C'est dans ce même groupe que se trouve le couple apparié Alexis/Agestis, dans les deux noms sont proches, et dont l'auteur est le même, Virgile, soit dans les Bucoliques pour Alexis, soit dans l'Énéide pour Agestis (Acestes).
Je retrouve dans ce groupe la règle du Domino, puisque les noms viennent en "Repons" soit par leur finale, soit par leur initiale : l'initiale A du modèle Arion de Linné justifie ainsi Alcon, Aegon, Acis, Alsus, Adonis, Amyntas et Agestis.

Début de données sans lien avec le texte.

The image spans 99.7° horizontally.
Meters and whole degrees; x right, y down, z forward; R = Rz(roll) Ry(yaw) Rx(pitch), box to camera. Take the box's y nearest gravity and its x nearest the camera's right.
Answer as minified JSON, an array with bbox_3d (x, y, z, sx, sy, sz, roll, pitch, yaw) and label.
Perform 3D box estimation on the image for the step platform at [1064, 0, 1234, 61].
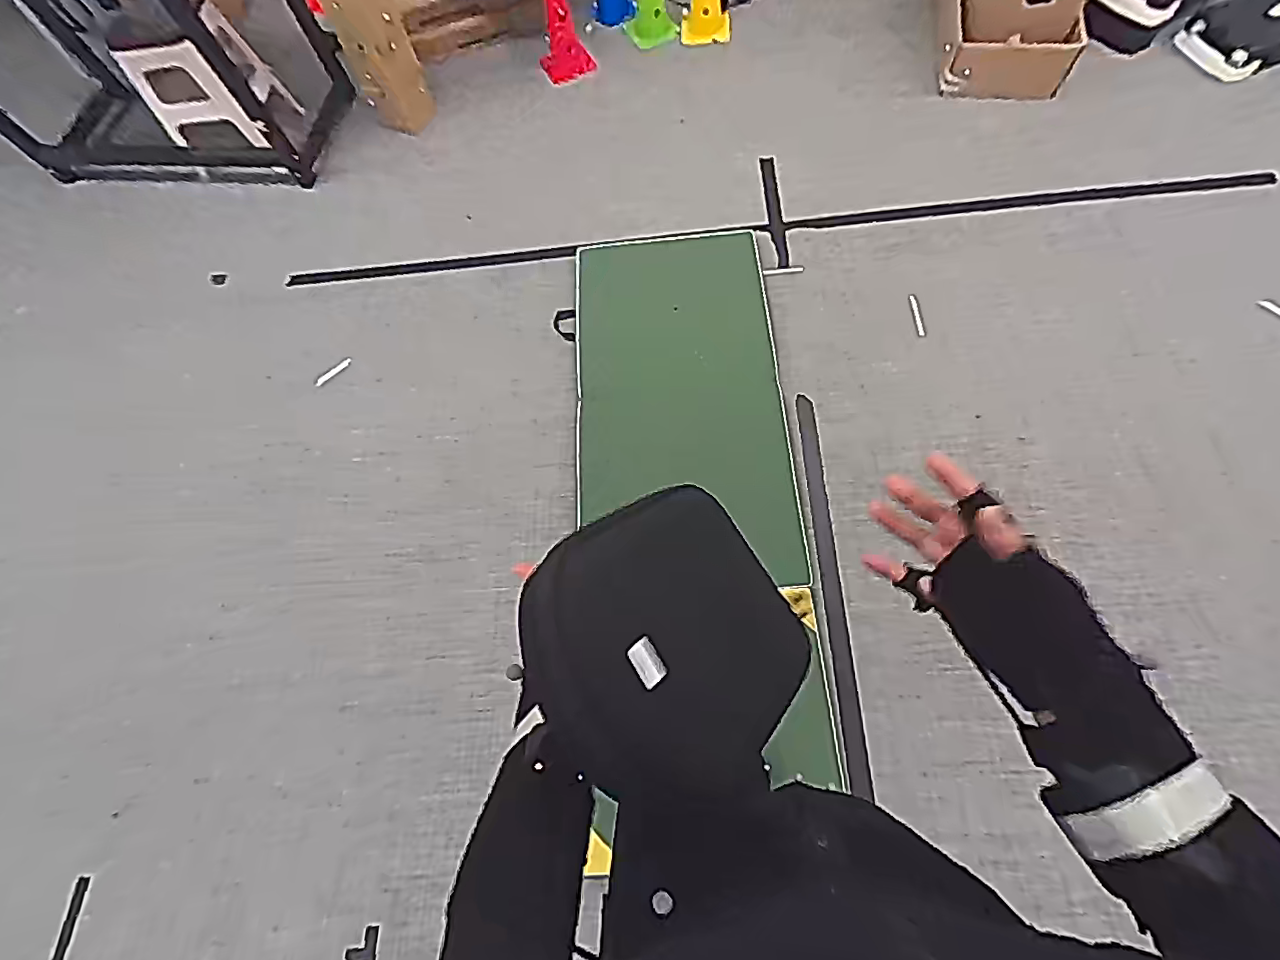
[{"bbox_3d":[1.989,-1.863,2.027,0.684,0.204,0.286,-31,69,-7],"label":"step platform"}]

Enfin la contrainte interne d'imitation du modèle Arion par un "mot de cinq lettres" est appliquée pour Alcon, Damon, Aegon, Alsus et Hylas.
Alcon et Aegon réussissent la meilleure performance d'imitation de Arion avec les mêmes lettres initiales et finales, le même nombre de lettres, le même auteur (Virgile), la même œuvre (Bucoliques) et le même thème (nom de personnage).
Dans le groupe O des Theclinae, il est clair que les auteurs viennois répondent par leur Spini aux Rubi, Betulae, Quercus et Pruni de Linné.
Dans le groupe P des Neuroptères, j'ai déjà mentionné le couple Macaronius / Coccajus.
Des Dominos à la Mimesis.
Au delà de l'aspect ludique de performance littéraire, cette écriture à contrainte obéit à l'un des principes fondamentaux de la littérature antique : la mimesis.
L'invention poétique se donne alors comme visée l'imitation des Anciens (considérés eux-mêmes comme image spéculaire du réel, ou de la Nature) dans cette aporie [créatrice] du surpassement d'un modèle indépassable. Le plus bel hommage.
Conclusion.
Je n'ai pas épuisé la recherche de correspondances de fidélité entre les onomastiques de Linné et de Denis & Schiffermüller, mais le exemples que j'ai donné me semblent significatifs d'une volonté délibérée, qu'avait déjà initiée Scopoli, de conserver les mêmes stratégies dénominatives, mais aussi de donner aux noms de papillons une cohérence interne par les jeux de rimes et d'assonance, de réciprocité de sens et d'unité des sources gréco-latines.
Étudié de manière isolée, ou au sein de la taxonomie contemporaine qui éparpille les créations des anciens auteurs, un zoonyme peut paraître insolite ou inexpliqué, alors qu'il retrouve sa cohérence lorsqu'il est replacé dans sa publication originale, et qu'on garde à l'esprit cette clef d'une recherche d'échos d'imitation, de référence, de complicité ou d'harmonie sonore avec les auteurs précédents.